At all relevant times, Defendants touted purported enhancements to Lucid's manufacturing and delivery capabilities and overall operations. In particular, beginning in late-February 2026, Defendants represented that, in fiscal year ("FY") 2025, they had implemented sustainable improvements in these areas, including with respect to the production and ramp-up of deliveries of the Lucid Gravity. Defendants likewise asserted that these improvements would lead to profitable growth and performance efficiencies in FY 2026.Unbeknownst to investors, however, Lucid's performance was materially hampered by significant supplier and delivery issues in February 2026, putting the Company on track for dismal, rather than improved, performance in its first quarter ("Q1") of 2026.
The complaint alleges that, throughout the Class Period, Defendants made materially false and misleading statements regarding the Company's business, operations, and prospects. Specifically, Defendants made false and/or misleading statements and/or failed to disclose that: (i) a supplier quality issue had significantly disrupted deliveries of the Lucid Gravity; (ii) the foregoing was likely to, and did, have a material negative impact on the Company's business and financial results; (iii) accordingly, the Defendants had overstated the purported enhancements to Lucid's manufacturing and delivery capabilities and overall operations; and (iv) as a result, Defendants' public statements were materially false and misleading at all relevant times.
The truth began to emerge on April 3, 2026, when Lucid issued a press release "announcing its Q1 2026 production and delivery totals[.]" Lucid revealed that it had "produced 5,500 vehicles" during Q1 2026, while only "delivering 3,093 vehicles." The press release further disclosed that, "during the quarter, deliveries of the Lucid Gravity were disrupted for 29 days due to a supplier quality issue with the second-row seats" and, "[a]s a result of this, the company's ability to meet customer demand was impacted."
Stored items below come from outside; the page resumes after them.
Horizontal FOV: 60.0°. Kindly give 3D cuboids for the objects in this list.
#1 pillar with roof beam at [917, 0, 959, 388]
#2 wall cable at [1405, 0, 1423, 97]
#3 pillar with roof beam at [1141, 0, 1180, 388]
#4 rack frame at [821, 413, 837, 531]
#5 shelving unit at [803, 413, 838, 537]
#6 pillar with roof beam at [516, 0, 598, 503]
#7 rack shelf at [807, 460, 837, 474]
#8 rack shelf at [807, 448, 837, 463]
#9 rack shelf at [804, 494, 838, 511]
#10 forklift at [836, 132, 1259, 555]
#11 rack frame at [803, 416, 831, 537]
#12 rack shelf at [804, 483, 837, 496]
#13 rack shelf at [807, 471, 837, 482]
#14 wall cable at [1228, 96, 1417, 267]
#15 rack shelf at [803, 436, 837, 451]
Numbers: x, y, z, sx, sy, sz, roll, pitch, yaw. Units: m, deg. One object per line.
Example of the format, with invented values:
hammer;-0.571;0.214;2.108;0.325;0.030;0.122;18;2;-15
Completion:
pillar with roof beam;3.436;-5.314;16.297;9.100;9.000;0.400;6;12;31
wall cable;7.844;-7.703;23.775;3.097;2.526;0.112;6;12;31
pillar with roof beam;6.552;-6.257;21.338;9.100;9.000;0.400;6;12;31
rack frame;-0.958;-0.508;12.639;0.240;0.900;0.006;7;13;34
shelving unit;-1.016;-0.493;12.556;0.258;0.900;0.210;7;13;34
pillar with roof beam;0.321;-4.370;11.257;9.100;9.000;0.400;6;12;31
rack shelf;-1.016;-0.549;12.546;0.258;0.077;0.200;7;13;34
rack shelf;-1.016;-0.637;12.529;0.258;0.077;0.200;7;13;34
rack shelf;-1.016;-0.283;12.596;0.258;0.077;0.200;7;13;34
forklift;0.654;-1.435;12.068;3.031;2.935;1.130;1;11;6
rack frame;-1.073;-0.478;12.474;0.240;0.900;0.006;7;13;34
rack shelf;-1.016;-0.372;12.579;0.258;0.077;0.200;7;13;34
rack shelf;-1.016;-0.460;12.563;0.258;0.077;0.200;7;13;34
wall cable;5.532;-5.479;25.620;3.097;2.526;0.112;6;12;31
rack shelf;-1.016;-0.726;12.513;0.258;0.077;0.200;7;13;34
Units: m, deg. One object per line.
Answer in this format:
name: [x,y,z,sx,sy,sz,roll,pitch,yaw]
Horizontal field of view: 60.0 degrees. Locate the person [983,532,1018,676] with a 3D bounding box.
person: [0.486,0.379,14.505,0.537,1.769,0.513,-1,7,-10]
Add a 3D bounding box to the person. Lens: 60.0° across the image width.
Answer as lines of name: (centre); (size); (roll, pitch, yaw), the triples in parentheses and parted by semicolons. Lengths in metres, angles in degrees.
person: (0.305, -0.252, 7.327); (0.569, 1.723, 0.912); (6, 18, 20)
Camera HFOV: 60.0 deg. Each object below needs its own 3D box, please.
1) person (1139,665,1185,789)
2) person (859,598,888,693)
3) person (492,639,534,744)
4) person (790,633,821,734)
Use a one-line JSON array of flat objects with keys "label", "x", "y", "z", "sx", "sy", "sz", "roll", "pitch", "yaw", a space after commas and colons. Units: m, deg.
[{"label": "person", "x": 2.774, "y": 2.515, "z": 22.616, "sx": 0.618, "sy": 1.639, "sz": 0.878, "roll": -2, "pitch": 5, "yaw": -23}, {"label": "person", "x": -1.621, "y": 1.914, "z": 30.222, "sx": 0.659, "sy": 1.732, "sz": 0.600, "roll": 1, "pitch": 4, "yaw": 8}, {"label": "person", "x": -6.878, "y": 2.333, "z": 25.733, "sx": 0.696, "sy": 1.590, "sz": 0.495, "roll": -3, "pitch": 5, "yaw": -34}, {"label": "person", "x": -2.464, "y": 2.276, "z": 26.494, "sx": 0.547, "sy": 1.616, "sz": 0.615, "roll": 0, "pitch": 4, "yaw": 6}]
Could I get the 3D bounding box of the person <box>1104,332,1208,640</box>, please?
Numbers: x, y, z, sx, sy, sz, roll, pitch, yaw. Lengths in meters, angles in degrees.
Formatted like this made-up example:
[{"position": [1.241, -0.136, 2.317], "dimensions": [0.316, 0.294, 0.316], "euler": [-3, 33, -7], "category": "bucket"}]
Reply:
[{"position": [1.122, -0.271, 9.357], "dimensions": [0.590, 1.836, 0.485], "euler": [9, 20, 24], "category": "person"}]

The same day, Reuters published an article entitled "Lucid misses first-quarter vehicle delivery estimates on supplier disruptions". The article provided additional color and comments from Defendant Marc Winterhoff ("Winterhoff"), the Company's Interim Chief Executive Officer, regarding Lucid's disappointing Q1 2026 delivery results-most notably that deliveries were particularly impacted over a month earlier in February 2026, when Lucid paused to reverse an unauthorized supplier change and inspect vehicles already produced.
The next trading day, April 6, 2026, 24/7 Wall St. published an article entitled "Lucid Faces Biggest Disaster Ever", which described the number of vehicles that Lucid delivered in Q1 2026 as "remarkably small", stating that Lucid "cannot sell fewer than 4,000 vehicles and even pretend this is sustainable."
Following the foregoing news and disclosures, Lucid's stock price fell $1.13 per share, or 11.35%, over the following two trading sessions, to close at $8.83 per share on April 7, 2026.
On April 14, 2026, Lucid filed a current report on Form 8-K with the United States Securities and Exchange Commission, reporting, inter alia, its preliminary Q1 2026 financial results, including revenue in the range of $280 million to $284 million-well below the consensus estimate of $433.8 million-and losses from operations in the range of $985 million to $1.005 billion.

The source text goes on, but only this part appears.